I was sent to a foster family when I was 11, with my brother, due to my mother’s addiction to substances.
I wasn’t in touch with my father. My mother changed my name when I was 3 to prevent him from contacting me, or knowing where I was.
My experience of fostering has been characterized by conflicting emotions, by the feeling of not feeling part of my foster family, of not being wanted, and of not being understood by anyone. I suffered for years from insomnia, I could not sleep due to anxiety and depression.
The week of my sixteenth birthday, I received a call that changed my life for the better.

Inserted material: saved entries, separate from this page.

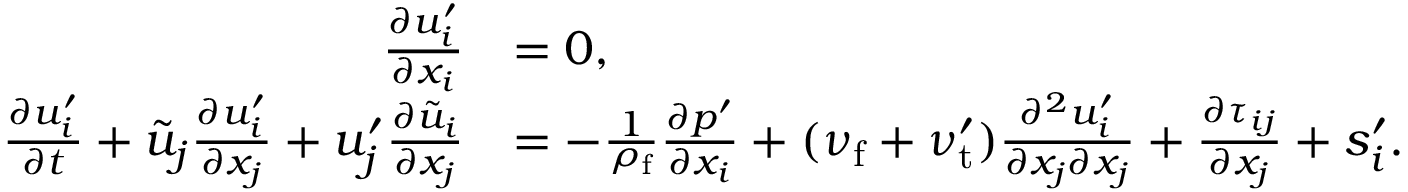Convert formula to latex. <formula><loc_0><loc_0><loc_500><loc_500>\begin{array} { r l } { \frac { \partial u _ { i } ^ { \prime } } { \partial x _ { i } } } & { = 0 , } \\ { \frac { \partial { u } _ { i } ^ { \prime } } { \partial t } + \tilde { u } _ { j } \frac { \partial u _ { i } ^ { \prime } } { \partial x _ { j } } + u _ { j } ^ { \prime } \frac { \partial \tilde { u } _ { i } } { \partial x _ { j } } } & { = - \frac { 1 } { \rho _ { f } } \frac { \partial p ^ { \prime } } { \partial x _ { i } } + ( \nu _ { f } + \nu _ { t } ^ { \prime } ) \frac { \partial ^ { 2 } u _ { i } ^ { \prime } } { \partial x _ { j } \partial x _ { j } } + \frac { \partial \tau _ { i j } } { \partial x _ { j } } + s _ { i } ^ { \prime } . } \end{array}</formula> 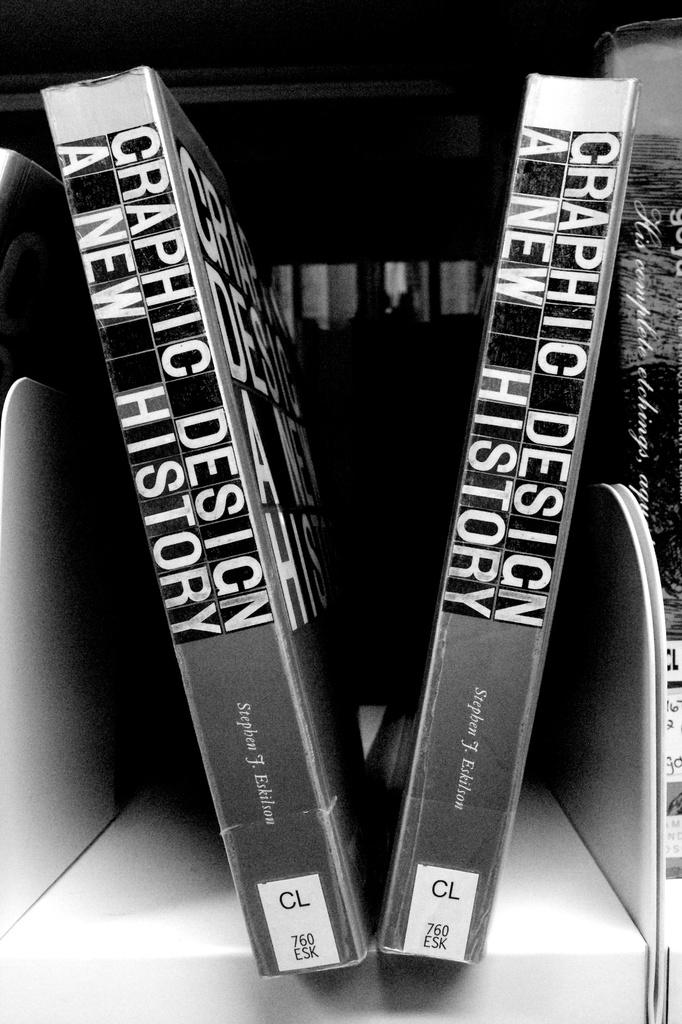What is the color scheme of the image? The image is black and white. How many books are visible in the image? There are three books in the image. Where are the books located in the image? The books are on a shelf. What type of bun is being used as a bookmark in the image? There is no bun present in the image, and the books do not have any visible bookmarks. 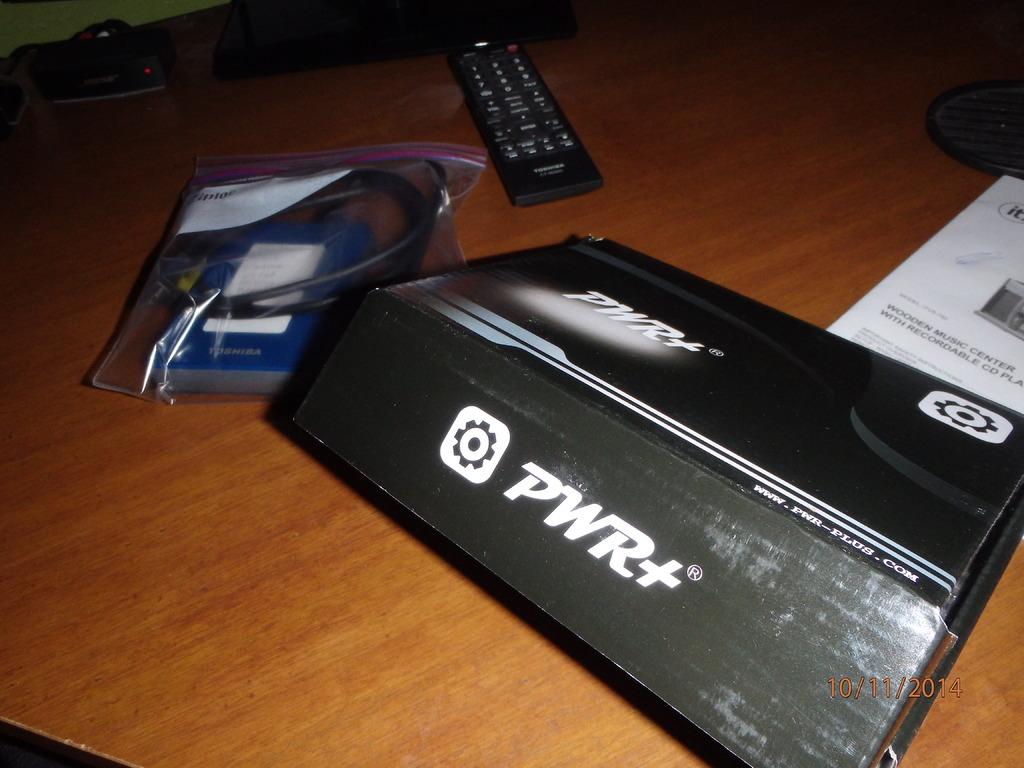What device is in the box?
Keep it short and to the point. Pwr+.

My foster parents had been trying to track down my father for two years, and somehow they had made it. Three days before my birthday, my father was calling me, and we were agreeing to meet. I also found out that I had a brother and sister I knew nothing about.
This experience changed my life, and at that moment my re-elaboration path started, I started to understand that I was wanted, that I had someone who took care of me and loved me … but above all I understood that I deserved this affection.
It took another 10 years to fully recover, to understand that my wrong feelings or behavior were related to the childhood traumas I had experienced and were not given by the fact that I was a bad person. During my therapy path I learned to communicate with myself and to really understand who I was and what my feelings were, a path that enriched me and that I will continue to do forever.
I left my foster family a few months after I turned 18. I studied at the university and lived alone. I graduated 23 years old with excellent grades.
Although I no longer had a social worker after I turned 18, there was still a support at the exit that followed me until I was 23 years old.
While I was studying at university, I worked as a tutor in a summer school organized by the university for children and young people outside the family. This experience has triggered in me the desire to get involved to help the other guys.
I work for for the Care Leavers Association, founded 18 years ago in England by care leavers.
As a volunteer I help coordinate a FB group, Care leavers rock. A page where care leavers can confront each other safely and support each other. More than 720 care leavers are part of this group, between the ages of 18 and 65!
I am a member of the international organization for the protection paths (International Foster Care Organization) and of the board of the Institute for the re-elaboration of childhood traumas.
In my private life, I am happy, satisfied, married, I have my home and a wonderful child … all this before the age of 30! So I’d say I’m finally fine!